» Task to complete: Copy all the entries word for word, but omit the pictures.

[Data shown — start]

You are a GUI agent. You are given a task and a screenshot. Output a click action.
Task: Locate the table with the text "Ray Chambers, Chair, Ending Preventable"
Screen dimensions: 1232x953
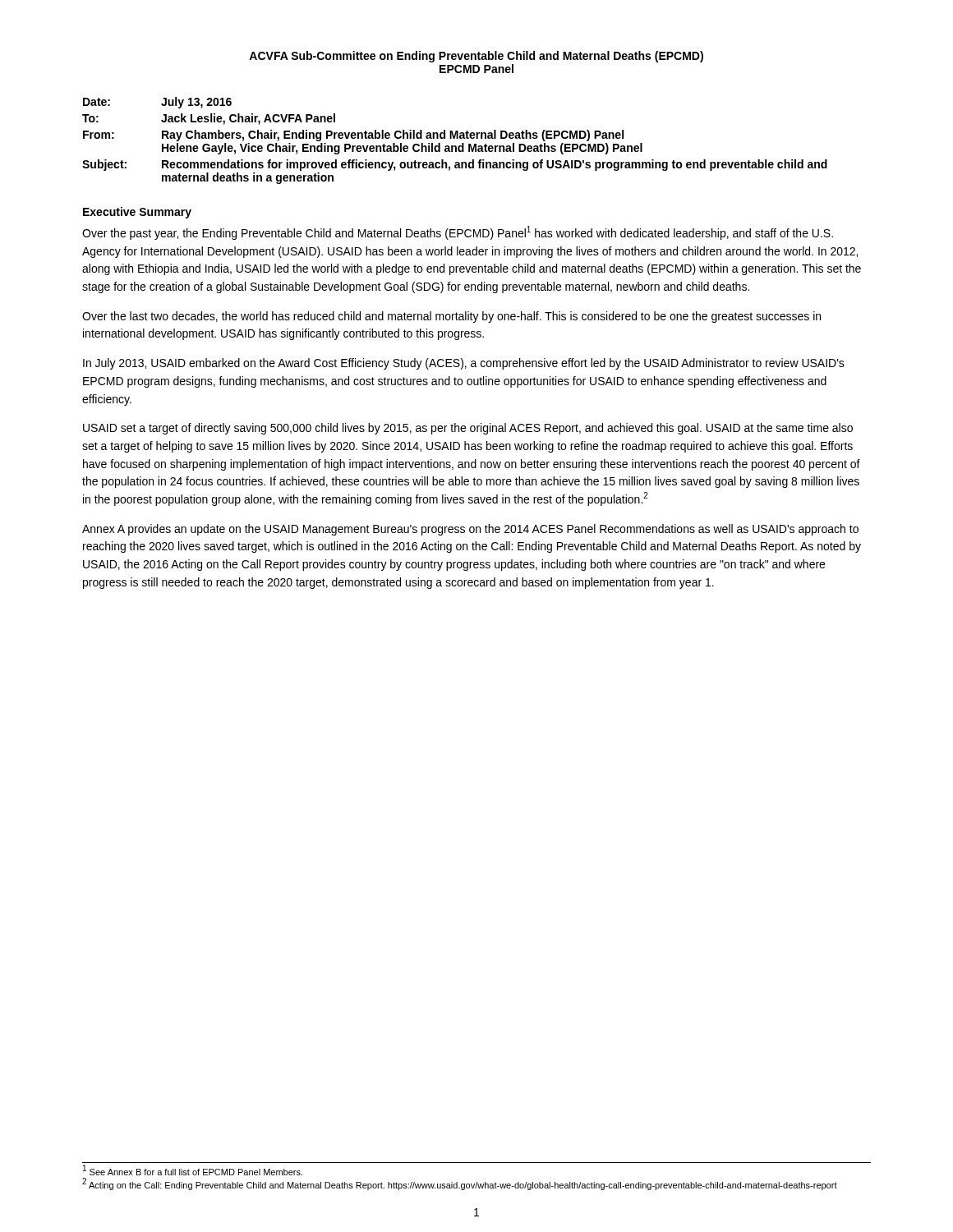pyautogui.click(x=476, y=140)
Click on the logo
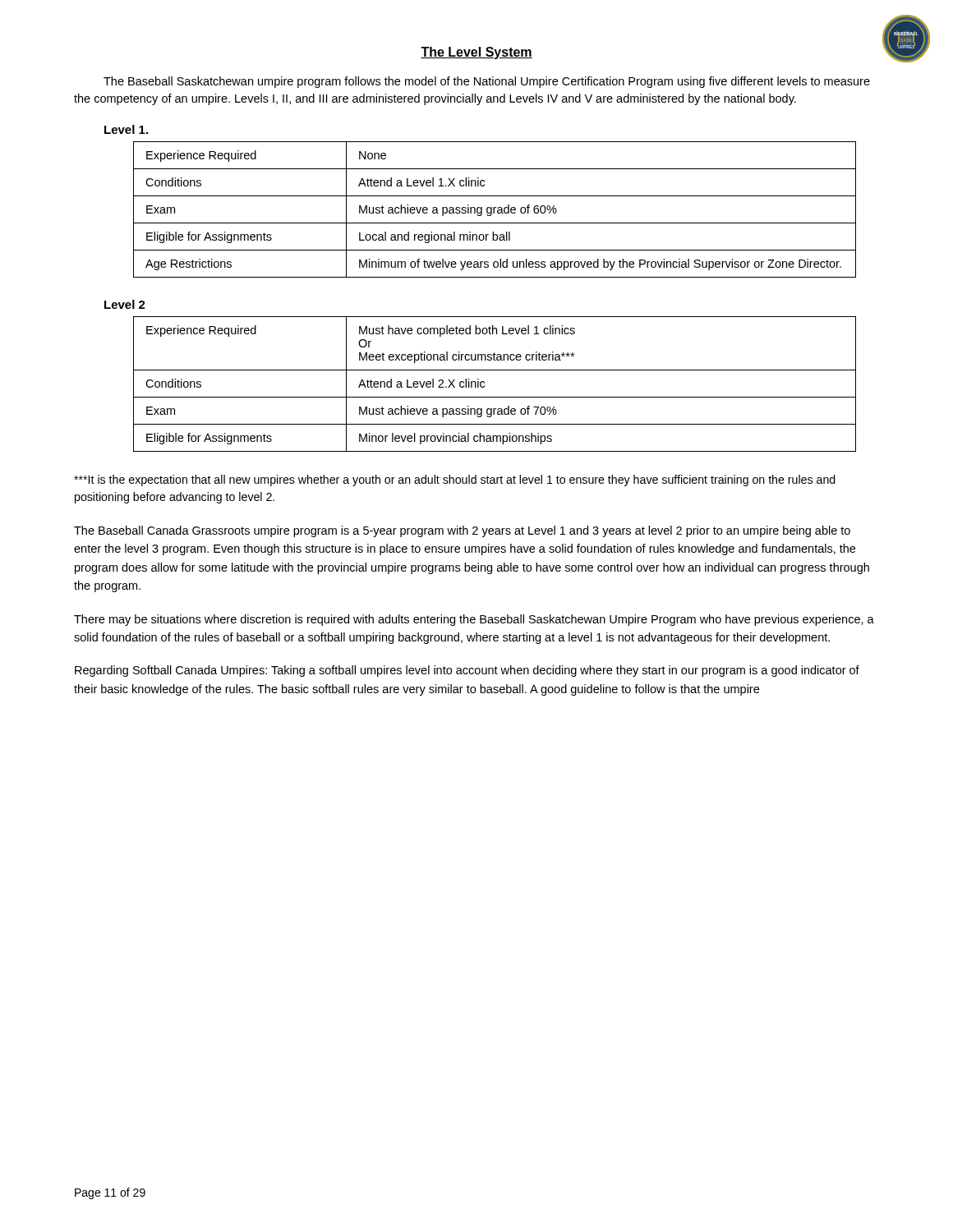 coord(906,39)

[Data shown — finish]

» Expected answer:
You are a GUI agent. You are given a task and a screenshot. Output a click action.
Task: Locate the table with the text "Ray Chambers, Chair, Ending Preventable"
Screen dimensions: 1232x953
pyautogui.click(x=476, y=140)
Click on the logo
 coord(906,39)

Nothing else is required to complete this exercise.